All lines from the one containing "teapot at (0.408, -0.090, 0.827)" through the end of the entries below should appear in the answer exactly, with no others.

■ ■ ■ ■ ■ ■ ■

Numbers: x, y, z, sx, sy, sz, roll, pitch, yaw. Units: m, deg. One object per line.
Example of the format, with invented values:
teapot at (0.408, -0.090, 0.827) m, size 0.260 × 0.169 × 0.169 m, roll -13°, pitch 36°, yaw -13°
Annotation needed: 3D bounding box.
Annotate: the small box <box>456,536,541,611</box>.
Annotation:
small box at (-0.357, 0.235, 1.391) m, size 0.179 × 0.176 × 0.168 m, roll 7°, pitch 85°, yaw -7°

■ ■ ■ ■ ■ ■ ■

Reply to the exercise:
teapot at (0.408, -0.090, 0.827) m, size 0.260 × 0.169 × 0.169 m, roll -13°, pitch 36°, yaw -13°
Annotation needed: 3D bounding box.
Annotate: the small box <box>456,536,541,611</box>.
Annotation:
small box at (-0.357, 0.235, 1.391) m, size 0.179 × 0.176 × 0.168 m, roll 7°, pitch 85°, yaw -7°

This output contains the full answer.